In questa volontà di raccontare con una partecipazione emotiva, più che semplicemente di documentare, vediamo anche la presenza di generi diversi: il ritratto, l’ambiente…
Lo capisco forse più adesso andando a riguardare tutti i negativi. Negli anni è cambiato il mio modo di guardare e di interessarmi alle cose, che siano persone, oggetti, situazioni. Quando sono passata dal 35mm al medio formato c’era sicuramente più intenzione. Cercavo qualcosa, non era più semplicemente raccontare quello che avevo intorno, ma questa intenzionalità è arrivata verso la fine.
LA CULTURA RAVE SECONDO CHIARA FOSSATI
Quali sono, secondo te, i preconcetti rispetto ai raver e com’è cambiato nel tempo il mondo dei rave?
Potrei fare un elenco infinito! I preconcetti sono sempre gli stessi, ovvero che i raver sono ragazzini drogati che vanno nei posti e distruggono tutto quello che incontrano, gli interessa soltanto consumare droga e fare casino.
Invece?
Assolutamente no. In realtà, a livello europeo, rimane uno dei movimenti più grandi e importanti legati alla musica, in cui si è creata una comunione tra sconosciuti per cercare di vivere liberamente.

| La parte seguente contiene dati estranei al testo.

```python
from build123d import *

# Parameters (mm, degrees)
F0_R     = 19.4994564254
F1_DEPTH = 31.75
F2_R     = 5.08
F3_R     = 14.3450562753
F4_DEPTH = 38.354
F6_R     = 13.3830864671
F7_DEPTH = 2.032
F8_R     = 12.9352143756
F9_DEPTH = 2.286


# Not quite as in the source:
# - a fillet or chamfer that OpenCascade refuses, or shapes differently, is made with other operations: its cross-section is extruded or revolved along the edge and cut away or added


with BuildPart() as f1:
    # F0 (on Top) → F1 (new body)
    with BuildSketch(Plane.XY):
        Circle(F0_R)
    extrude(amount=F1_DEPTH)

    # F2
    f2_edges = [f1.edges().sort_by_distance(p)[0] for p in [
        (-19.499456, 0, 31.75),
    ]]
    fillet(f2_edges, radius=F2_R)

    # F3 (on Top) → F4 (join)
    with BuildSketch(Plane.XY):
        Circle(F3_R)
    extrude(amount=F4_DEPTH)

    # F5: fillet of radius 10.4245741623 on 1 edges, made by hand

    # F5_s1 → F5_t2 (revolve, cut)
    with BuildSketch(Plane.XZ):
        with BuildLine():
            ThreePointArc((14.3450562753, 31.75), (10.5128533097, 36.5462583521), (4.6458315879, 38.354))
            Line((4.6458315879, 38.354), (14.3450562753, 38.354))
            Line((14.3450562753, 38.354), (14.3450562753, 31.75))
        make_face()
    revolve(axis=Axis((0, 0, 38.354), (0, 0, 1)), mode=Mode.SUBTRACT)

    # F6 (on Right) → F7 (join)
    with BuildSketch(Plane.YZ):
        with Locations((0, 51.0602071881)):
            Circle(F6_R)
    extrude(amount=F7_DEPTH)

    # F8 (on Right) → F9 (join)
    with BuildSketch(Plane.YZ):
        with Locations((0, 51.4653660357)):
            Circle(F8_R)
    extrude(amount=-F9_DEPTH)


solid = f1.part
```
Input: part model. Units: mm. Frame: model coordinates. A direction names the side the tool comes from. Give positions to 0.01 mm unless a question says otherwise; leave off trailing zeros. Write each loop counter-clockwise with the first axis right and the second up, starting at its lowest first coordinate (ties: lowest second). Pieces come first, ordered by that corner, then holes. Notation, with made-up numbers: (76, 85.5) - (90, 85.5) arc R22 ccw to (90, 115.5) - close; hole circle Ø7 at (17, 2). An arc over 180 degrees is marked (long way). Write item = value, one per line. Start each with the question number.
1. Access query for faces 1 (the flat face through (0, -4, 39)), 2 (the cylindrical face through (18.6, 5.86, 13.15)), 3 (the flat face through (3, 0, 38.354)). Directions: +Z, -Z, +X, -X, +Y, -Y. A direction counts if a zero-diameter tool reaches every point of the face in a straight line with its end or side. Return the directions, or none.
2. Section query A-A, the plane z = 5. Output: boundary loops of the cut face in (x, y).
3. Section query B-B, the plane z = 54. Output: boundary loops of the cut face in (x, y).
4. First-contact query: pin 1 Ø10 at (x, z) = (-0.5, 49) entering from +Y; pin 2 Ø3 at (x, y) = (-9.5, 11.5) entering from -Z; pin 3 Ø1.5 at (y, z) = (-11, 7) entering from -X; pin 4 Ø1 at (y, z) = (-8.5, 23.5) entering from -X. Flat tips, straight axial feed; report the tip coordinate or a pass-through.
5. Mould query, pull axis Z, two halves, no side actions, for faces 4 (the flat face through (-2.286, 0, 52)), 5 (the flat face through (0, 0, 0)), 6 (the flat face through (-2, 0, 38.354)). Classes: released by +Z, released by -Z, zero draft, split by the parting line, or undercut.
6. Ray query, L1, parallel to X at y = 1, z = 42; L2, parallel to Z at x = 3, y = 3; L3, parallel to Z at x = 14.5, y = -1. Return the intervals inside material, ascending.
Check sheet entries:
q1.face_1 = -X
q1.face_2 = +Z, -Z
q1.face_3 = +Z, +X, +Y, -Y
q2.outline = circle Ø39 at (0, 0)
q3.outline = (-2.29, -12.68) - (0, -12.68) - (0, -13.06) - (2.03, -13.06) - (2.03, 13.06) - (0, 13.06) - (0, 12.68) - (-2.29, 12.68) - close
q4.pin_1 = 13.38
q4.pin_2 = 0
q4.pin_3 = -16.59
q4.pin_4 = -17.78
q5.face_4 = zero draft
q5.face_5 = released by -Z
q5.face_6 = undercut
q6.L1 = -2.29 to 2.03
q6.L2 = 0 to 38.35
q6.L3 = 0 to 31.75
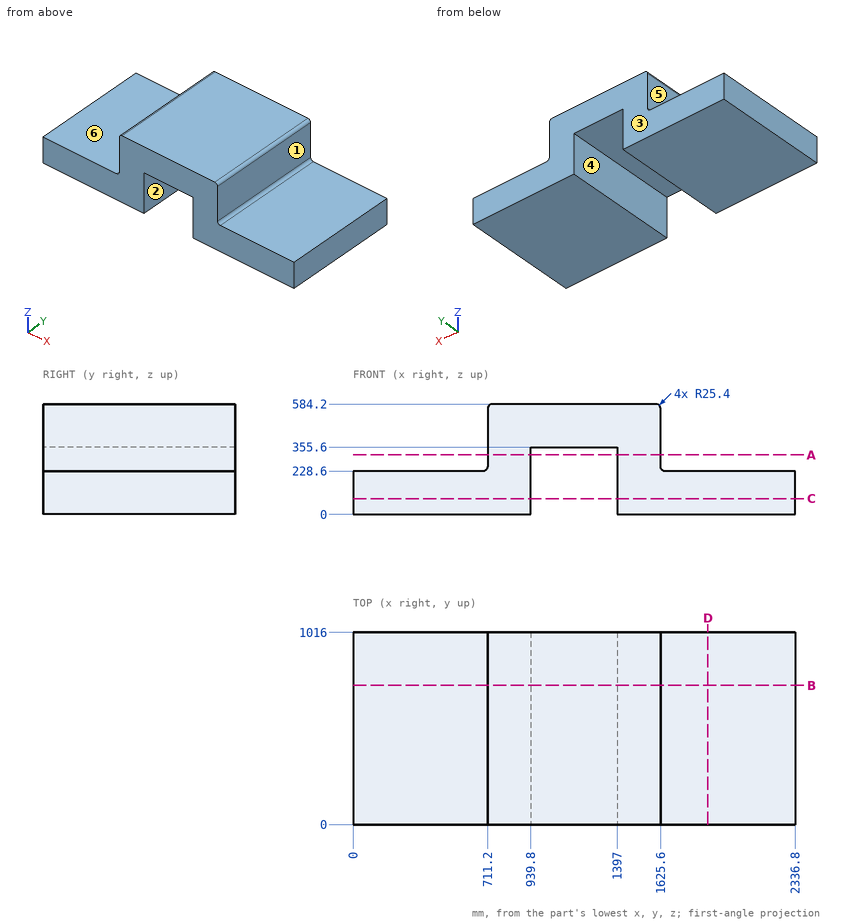
Print and shaded views of the part. All mm, measured from the part's lowest x, y and z. A direction names the side the tool comes from. Give positions to 0.01 mm unless a question says otherwise; leave off trailing zeros. Loops run counter-clockwise (first coordinate to the right, second up) from the corner with the lowest first, then second, coordinate; pieces in that order, holes last. Notation, with made-up numbers: (-13.5, 55.25) -> (37.5, 55.25) arc R30 ccw to (37.5, 77.25) -> close; hole circle Ø10 at (-1, 41). An arc over 180 degrees is marked (long way). Use a Markdown table: item, result.
1. Flat gauge pins, fed straight in: pin 1 (4 mm diameter, centred on y = 869.5, z = 472.5, fed in from -X); pin 2 (8 mm diameter, centred on y = 299, z = 521.5, fed in from +X). Where does each tip first touch, or does it go through?
Check result:
| item | result |
|---|---|
| pin 1 | stops at x = 711.2 |
| pin 2 | stops at x = 1625.6 |
2. Slice it at B-B (y = 736). List the corners of the cut face in (x, z), plus the area to 3 significant figures.
Check result:
| item | result |
|---|---|
| outline | (0, 0) -> (939.8, 0) -> (939.8, 355.6) -> (1397, 355.6) -> (1397, 0) -> (2336.8, 0) -> (2336.8, 228.6) -> (1651, 228.6) arc R25.4 cw to (1625.6, 254) -> (1625.6, 558.8) arc R25.4 ccw to (1600.2, 584.2) -> (736.6, 584.2) arc R25.4 ccw to (711.2, 558.8) -> (711.2, 254) arc R25.4 cw to (685.8, 228.6) -> (0, 228.6) -> close |
| area | 697,000 mm^2 |
3. Wall check: L1, parallel to X at y = 298.5, z = 331; L2, parallel to X at y = 105.5, z = 145.5; L3, parallel to Z at x = 451.5, y = 776.5. Give the ranges that are in metal, low to high. Write a range as [from, to].
Check result:
| item | result |
|---|---|
| L1 | x = [711.2, 939.8], [1397, 1625.6] |
| L2 | x = [0, 939.8], [1397, 2336.8] |
| L3 | z = [0, 228.6] |
4. Mould opens along X. For the marked faces 4, 5 and 6 say: pulls with the +X half, pulls with the -X half, needs draft (parallel to the pull), parting line crosses it, or undercut.
Check result:
| item | result |
|---|---|
| face 4 | undercut |
| face 5 | pulls with the -X half |
| face 6 | needs draft |
5. Slice it at A-A (z = 315). List the corners of the cut face in (x, y), plus the area to 3 significant figures.
Check result:
| item | result |
|---|---|
| outline | (711.2, 0) -> (939.8, 0) -> (939.8, 1016) -> (711.2, 1016) -> close; (1397, 0) -> (1625.6, 0) -> (1625.6, 1016) -> (1397, 1016) -> close |
| area | 465,000 mm^2 |
6. Slice it at D-D (x = 1875.5). List the corners of the cut face in (y, z), plus the area to 3 significant figures.
Check result:
| item | result |
|---|---|
| outline | (0, 0) -> (1016, 0) -> (1016, 228.6) -> (0, 228.6) -> close |
| area | 232,000 mm^2 |
7. Which spindle directions (+Z, -Z, +X, -X, +Y, -Y) get a long thin tool onto all of the face, cutting with end or side? Do the marked faces 1, 2 and 3. Say none if no direction does.
Check result:
| item | result |
|---|---|
| face 1 | +Z, +X, +Y, -Y |
| face 2 | -Z, +Y, -Y |
| face 3 | +Z, -Z, +X, -X, +Y |
8. Slice it at C-C (z = 84). List the corners of the cut face in (x, y), plus the area to 3 significant figures.
Check result:
| item | result |
|---|---|
| outline | (0, 0) -> (939.8, 0) -> (939.8, 1016) -> (0, 1016) -> close; (1397, 0) -> (2336.8, 0) -> (2336.8, 1016) -> (1397, 1016) -> close |
| area | 1,910,000 mm^2 |
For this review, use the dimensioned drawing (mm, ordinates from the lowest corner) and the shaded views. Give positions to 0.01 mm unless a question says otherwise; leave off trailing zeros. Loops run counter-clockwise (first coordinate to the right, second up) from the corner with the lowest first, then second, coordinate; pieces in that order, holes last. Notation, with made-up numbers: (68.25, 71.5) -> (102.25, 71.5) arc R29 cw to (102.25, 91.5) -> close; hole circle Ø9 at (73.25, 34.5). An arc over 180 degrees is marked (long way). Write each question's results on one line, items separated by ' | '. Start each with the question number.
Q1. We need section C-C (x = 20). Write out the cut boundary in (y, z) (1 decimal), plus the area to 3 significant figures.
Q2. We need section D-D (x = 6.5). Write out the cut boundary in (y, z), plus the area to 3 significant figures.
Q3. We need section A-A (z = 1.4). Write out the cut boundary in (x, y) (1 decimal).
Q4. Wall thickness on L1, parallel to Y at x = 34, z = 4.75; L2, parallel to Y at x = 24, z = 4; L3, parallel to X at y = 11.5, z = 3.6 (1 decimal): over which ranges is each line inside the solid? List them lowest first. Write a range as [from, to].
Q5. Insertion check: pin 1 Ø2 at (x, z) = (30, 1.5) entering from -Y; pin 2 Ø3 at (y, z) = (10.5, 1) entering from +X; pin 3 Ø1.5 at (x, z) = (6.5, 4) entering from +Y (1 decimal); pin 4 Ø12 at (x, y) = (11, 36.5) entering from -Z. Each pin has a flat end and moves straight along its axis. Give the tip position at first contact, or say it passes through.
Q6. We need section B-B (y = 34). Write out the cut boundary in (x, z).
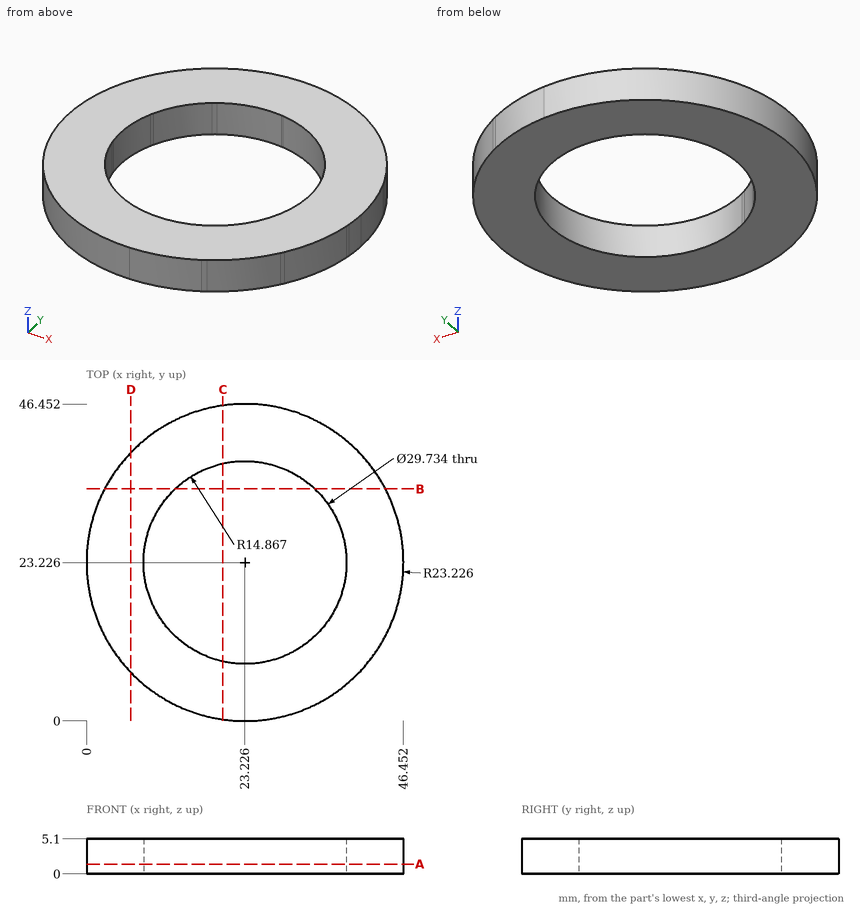
Output:
1) outline: (0.2, 0) -> (8.7, 0) -> (8.7, 5.1) -> (0.2, 5.1) -> close; (37.7, 0) -> (46.2, 0) -> (46.2, 5.1) -> (37.7, 5.1) -> close | area: 86.6 mm2
2) outline: (7.11, 0) -> (39.34, 0) -> (39.34, 5.1) -> (7.11, 5.1) -> close | area: 164 mm2
3) outline: circle Ø46.5 at (23.2, 23.2); hole circle Ø29.7 at (23.2, 23.2)
4) L1: [2.65, 12.98], [33.47, 43.8] | L2: [0.01, 8.38], [38.07, 46.44] | L3: [3.2, 14.1], [32.4, 43.3]
5) pin 1: y = 0.73 | pin 2: x = 43.56 | pin 3: y = 40.1 | pin 4: z = 0
6) outline: (2.65, 0) -> (12.98, 0) -> (12.98, 5.1) -> (2.65, 5.1) -> close; (33.47, 0) -> (43.8, 0) -> (43.8, 5.1) -> (33.47, 5.1) -> close
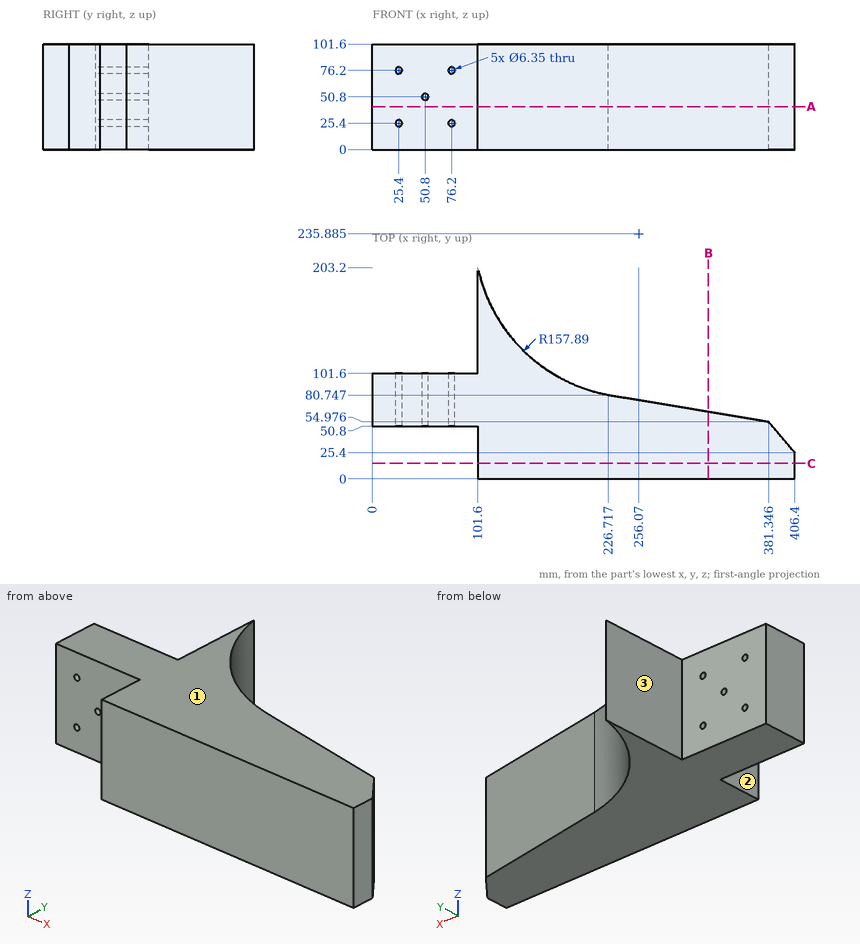
Verification items for this drawing (mm, ordinates from the low corner). A direction names the side the tool comes from. Give positions to 0.01 mm unless a question says otherwise; leave off trailing zeros. Order: outer loops, then holes, each group sorted by start corner. A loop starts at its lowest first (then second) coordinate and runs counter-clockwise, first axis right, second up. Notation, with made-up numbers: M 68.25,55.25 L 125.25,55.25 A26 ccw 125.25,92.25 Z; hole C 30.25,58 d10. An arc over 180 degrees is marked long. Use a Markdown table: item, result.
Item 1: Tool access check on the marked faces 1, 2 and 3. Record the directions out of +Z, -Z, +X, -X, +Y, -Y that give a thin tool (end or side, any length) a straight path to the whole face; none if there is none.
Answers follow:
| item | result |
|---|---|
| face 1 | +Z, +X, -X, +Y, -Y |
| face 2 | +Z, -Z, -X, -Y |
| face 3 | +Z, -Z, -X, +Y |
Item 2: Depth check by flat-ended pin: P1, Ø7.5, axis at x = 50.8, z = 50.8, coming from the -Y side; P2, Ø10, axis at x = 25.4, z = 76.2, coming from the +Y side; P3, Ø2, axis at y = 48, z = 17.5, coming from the +X side. Enter the tip coordinate at first touch or a pass-through.
Answers follow:
| item | result |
|---|---|
| P1 | stops at y = 50.8 |
| P2 | stops at y = 101.6 |
| P3 | stops at x = 388.1 |
Item 3: Section check B-B (x = 323). Record the cut outline in (y, z), and give its area (3 significant figures).
Answers follow:
| item | result |
|---|---|
| outline | M 0,0 L 64.7,0 L 64.7,101.6 L 0,101.6 Z |
| area | 6,570 mm2 |
Item 4: Section check C-C (y = 15). Record the cut outline in (x, z), and give its area (3 significant figures).
Answers follow:
| item | result |
|---|---|
| outline | M 101.6,0 L 406.4,0 L 406.4,101.6 L 101.6,101.6 Z |
| area | 31,000 mm2 |
Item 5: Section check A-A (z = 41.5). Record the cut outline in (x, y) (1 decimal).
Answers follow:
| item | result |
|---|---|
| outline | M 0,50.8 L 101.6,50.8 L 101.6,0 L 406.4,0 L 406.4,25.4 L 381.3,55 L 226.7,80.7 A157.9 cw 101.6,203.2 L 101.6,101.6 L 0,101.6 Z |
Item 6: Material ranges on line 1 along Z through (x, y) = (25.4, 62) (1 decimal); line 2 along Z through (x, y) = (50.8, 79.5) (1 decimal); line 3 along Y through (x, z) = (69, 71), recorded low to high.
Answers follow:
| item | result |
|---|---|
| line 1 | z = 0 to 22.2, 28.6 to 73, 79.4 to 101.6 |
| line 2 | z = 0 to 47.6, 54 to 101.6 |
| line 3 | y = 50.8 to 101.6 |

Dall’inizio, alla fine degli Anni Novanta, al Duemila, il movimento è cambiato. Io ho visto il suo tramonto. Sono cambiate le sue dinamiche, come del resto la società stessa, i bisogni dei ragazzi e tante altre cose. Ad esempio una delle regole dei rave era che non si consumava e non si vendeva eroina. Se lo facevi ti sbattevano fuori. Ma a un certo punto questa cosa si è andata un po’ a perdere.
La musica, associata alla fotografia, è rimasta comunque una costante della tua ricerca. Proprio in questa 31esima edizione del SI FEST sei stata protagonista del dj set insieme all’Associazione Culturale Echo.
Non avevo mai pensato alla relazione fotografia/musica, però la musica è sicuramente importante nella mia vita. Sono di quelle persone che ascoltano la musica anche quando cucinano, fanno la lavatrice, in automobile… Effettivamente anche nel progetto Villaggio dei Fiori con cui, nel 2018, qui a Savignano ho vinto il Premio Pesaresi per la Fotografia Contemporanea, c’è molta musica. È la storia del mio quartiere, dove vivo adesso, uno storico quartiere popolare nella periferia di Milano dove la gente ascolta la musica con le finestre aperte. Un posto difficile ma incredibile, dove c’è un fortissimo senso di comunità e anche di solidarietà.
Spesso i fotografi affermano che fotografare è un’esigenza per conoscere se stessi, è così anche per te?
Credo che la fotografia sia un’ossessione, una necessità. Personalmente ho bisogno di fotografare perché è il mio modo di filtrare il mondo. Sono anche molto curiosa e mi piace parlare con le persone, raccontare le loro storie attraverso la fotografia, soprattutto se si tratta di persone che vengono ignorate. Sono convinta che tutti abbiamo una storia personale che valga la pena di essere raccontata.